Many of the clock genes were first identified in Drosophila fruit flies. Similar genes are at work in humans.
• Mutations in these genes is what causes abnormal circadian rhythms.
Functions of sleep
Sleep has several putative functions. Observations of various animal species indicate that sleep plays an important role in conserving energy and keeping animals hidden from predators. Sleep is also essential for maintaining the balance of various neurotransmitters and energy molecules. The consolidation of recent memories also seems to occur during sleep. In some animal species, sleep deprivation can be deadly.
Different organisms sleep for different amounts of time:
• Carnivores (and especially certain insectivores like bats) sleep for most of the day.
• Grazing herbivores only sleep a few hours a day.
• Animals that must be constantly alert for predators get very little sleep.
• This still doesn’t explain sleep too well since you could just be resting (not asleep) and still accomplish the above tasks.
Sleep is restorative.
• Monoamine neurotransmitters (such as serotonin and dopamine) are depleted during the day.
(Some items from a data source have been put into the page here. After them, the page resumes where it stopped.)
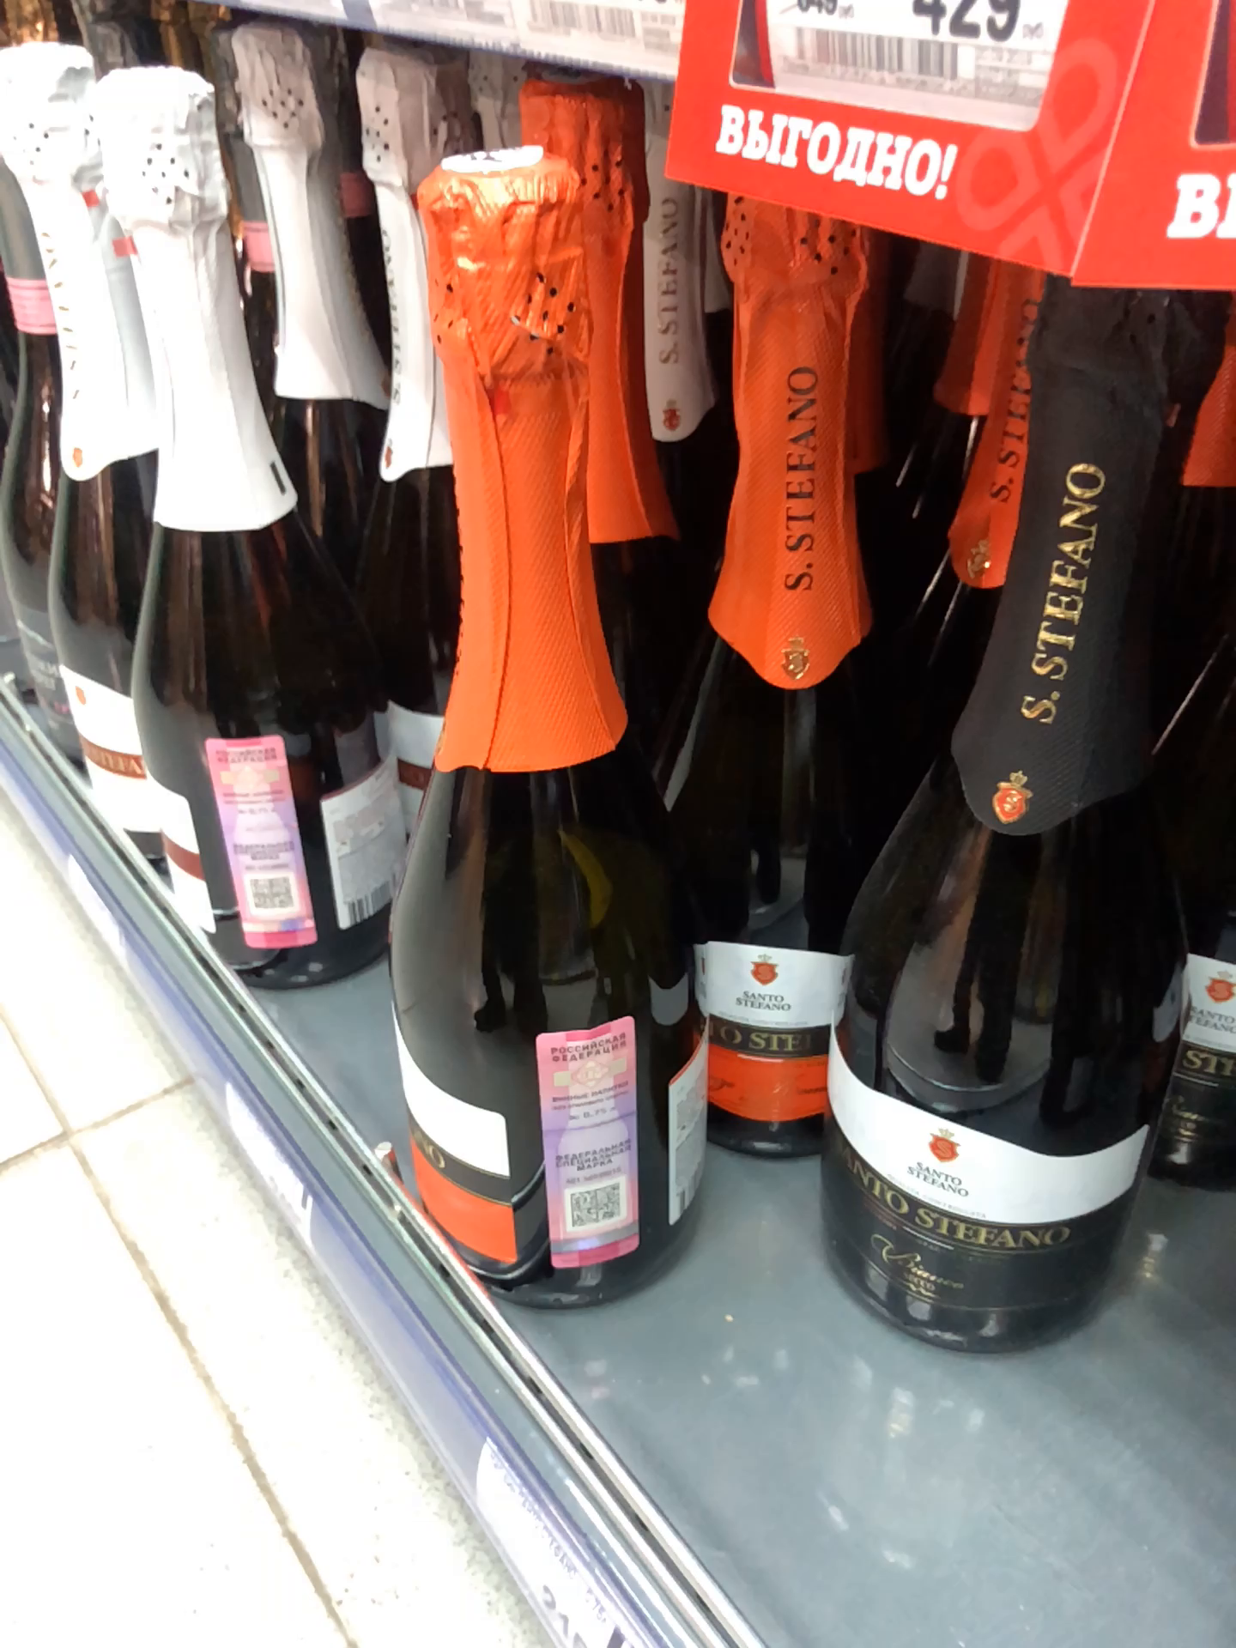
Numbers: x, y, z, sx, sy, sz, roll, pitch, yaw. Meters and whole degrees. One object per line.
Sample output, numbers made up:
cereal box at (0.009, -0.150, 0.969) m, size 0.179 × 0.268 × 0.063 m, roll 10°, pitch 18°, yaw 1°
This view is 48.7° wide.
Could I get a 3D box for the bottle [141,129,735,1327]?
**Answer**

These are essential for alertness and concentration.
• Structural and energy proteins are depleted during the day.
• Growth hormone (GH) levels are low during the day.
• All of these things are restored during sleep. Increased GH leads to faster healing.
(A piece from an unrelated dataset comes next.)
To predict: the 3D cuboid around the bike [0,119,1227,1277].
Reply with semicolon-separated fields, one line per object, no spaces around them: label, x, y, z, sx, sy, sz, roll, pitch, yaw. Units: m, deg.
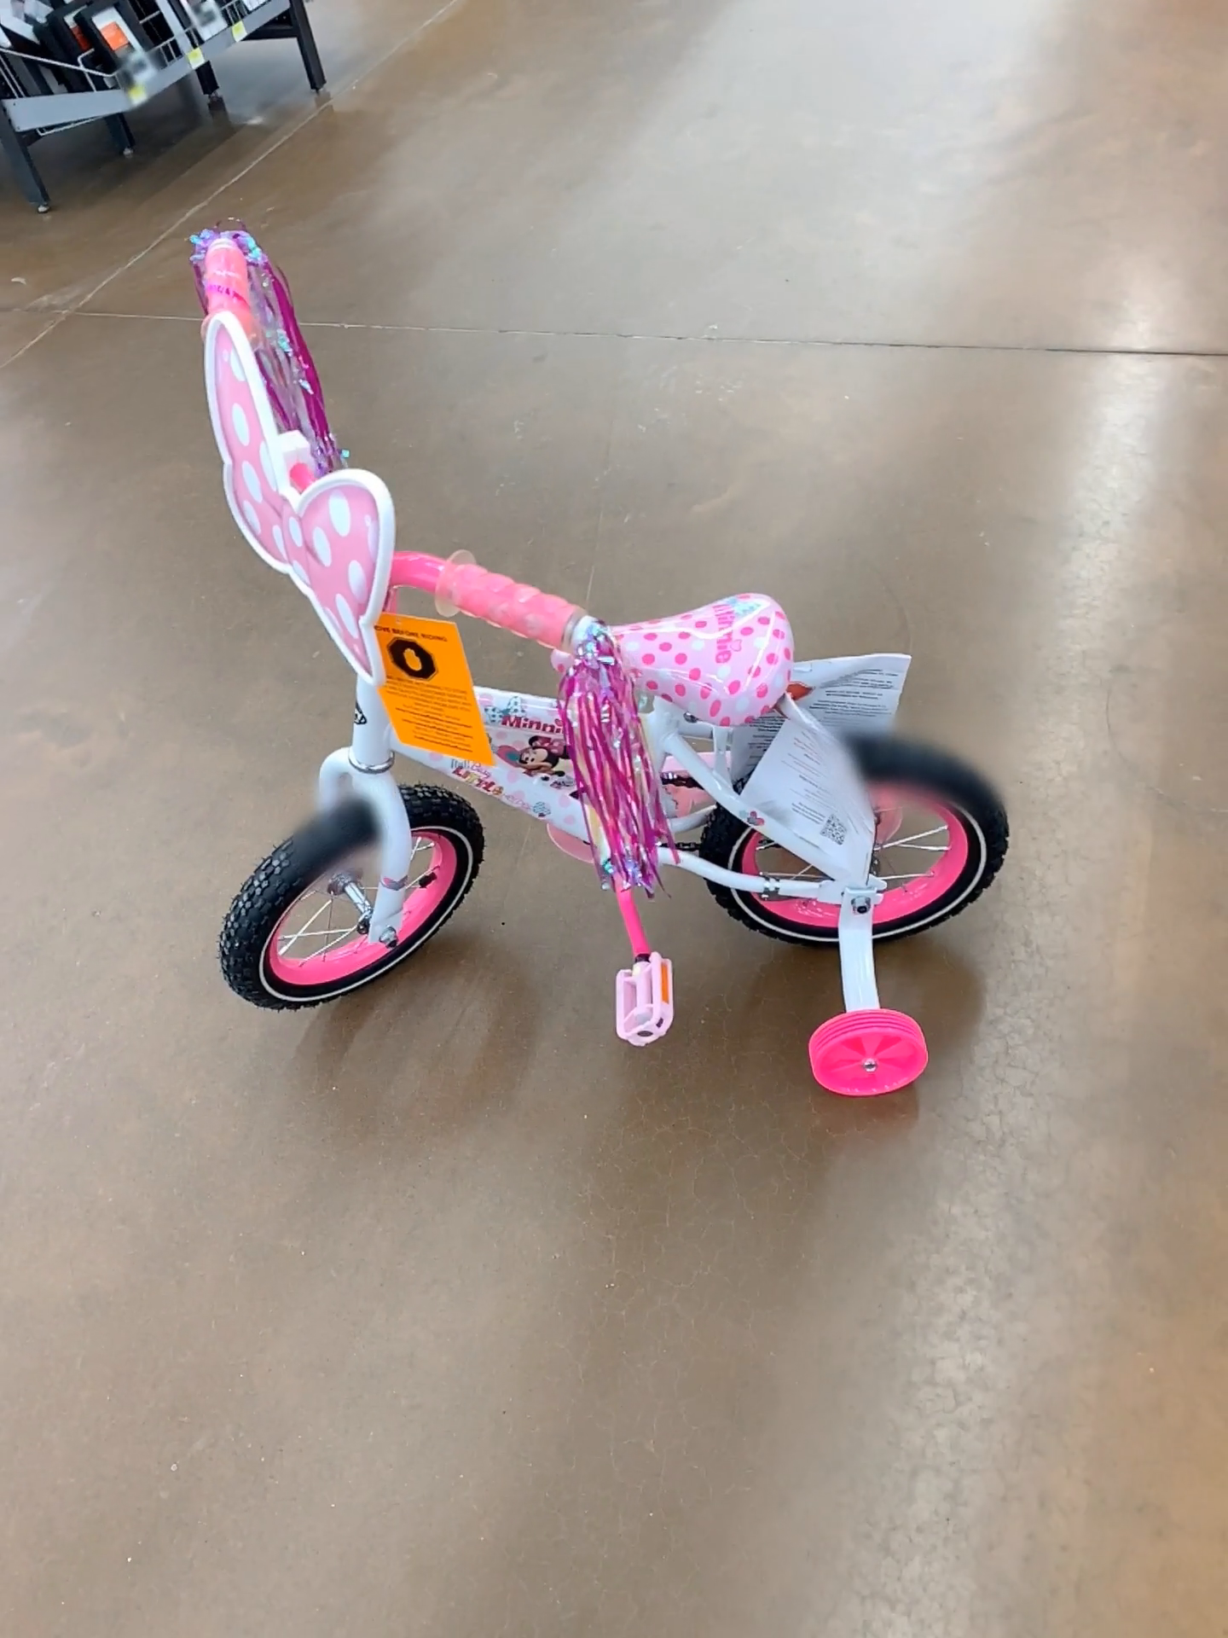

Sleep is important for memory formation.
- Memories are consolidated during sleep.
- If an animal is sleep deprived, this introduces memory deficits.
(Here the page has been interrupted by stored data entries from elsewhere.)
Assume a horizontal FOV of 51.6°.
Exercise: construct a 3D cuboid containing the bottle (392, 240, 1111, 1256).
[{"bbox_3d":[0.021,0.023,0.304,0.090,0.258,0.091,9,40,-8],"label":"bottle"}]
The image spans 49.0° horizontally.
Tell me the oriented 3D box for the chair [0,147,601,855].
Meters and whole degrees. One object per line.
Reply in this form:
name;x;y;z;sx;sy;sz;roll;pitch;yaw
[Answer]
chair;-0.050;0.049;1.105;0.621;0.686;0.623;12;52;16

Sleep stages are characterized by the patterns they produce on an EEG (electroencephalogram).
• This pattern represents the EPSPs and IPSPs (excitatory and inhibitory postsynaptic potentials) that contribute to brain activity.
There are three main stages of sleep:
1. REM (rapid eye movement) or “Paradoxical” Sleep
2: NREM (non-REM) Stage 1 and 2 Sleep (light sleep)
3: NREM Stage 3 Sleep (slow wave or deep sleep).
REM (rapid eye movement) or “Paradoxical” Sleep
-Characterized by fast brain waves similar to those seem while awake.
- There is low muscle tone, except for the eyes, which shift back and forth.
- Dreams happen during this stage.
NREM (non-REM) Stage 1 and 2 Sleep (light sleep).
- Characterized by relatively fast repeating “alpha” and “theta” waves.
- It is easy to wake someone up from this type of sleep.
- People in Stage 1 are often unaware that they were sleeping.
NREM Stage 3 Sleep (slow wave or deep sleep).
- Characterized by big, slow “delta” waves.
- It is very difficult to wake someone up from this type of sleep.
- This type of sleep is very restorative.
There is a discrete sleep cycle across the night.
• You gradually go through stage 1 and 2 sleep and enter a period of deep NREM sleep.
• You quickly come out of deep sleep and enter a stage of REM sleep.
• You go back into NREM sleep, but it takes longer and the sleep isn’t quite as deep.
• This pattern repeats until you don’t go back into sleep and wake up.
Sleep Disorders
Given the important role of sleep in maintaining various brain functions, it is unsurprising that problems with the sleep process can result in functional deficits. Sleep problems are particularly common among the elderly. Other sleep disorders are associated with problems such as obesity, substance abuse, and psychiatric disorders.
Why do children need a lot of sleep?
Children need lots of sleep because their brains are still developing.
What is atonia?
- it is when normally the motor (movement) system turns off at night
- If the motor system doesn’t turn off all the way, this can result in “restless legs” or sleepwalking.
- If the motor system doesn’t turn back on as you come out of sleep, this can result in “sleep paralysis”.
What is insomnia?
Insomnia is the inability to get to sleep or stay asleep. It has numerous causes.
Insomnia/sleep deprivation results in numerous cognitive deficits:
• This can result in death in some animal species.
• Humans can enter “microsleeps” while awake. This might be why sleep deprivation isn’t deadly in us.
• Symptoms include extreme sleepiness, poor attention span, irritability and mood swings, poor reaction speed, and dreamlike hallucinations. Memory formation and recall is very poor.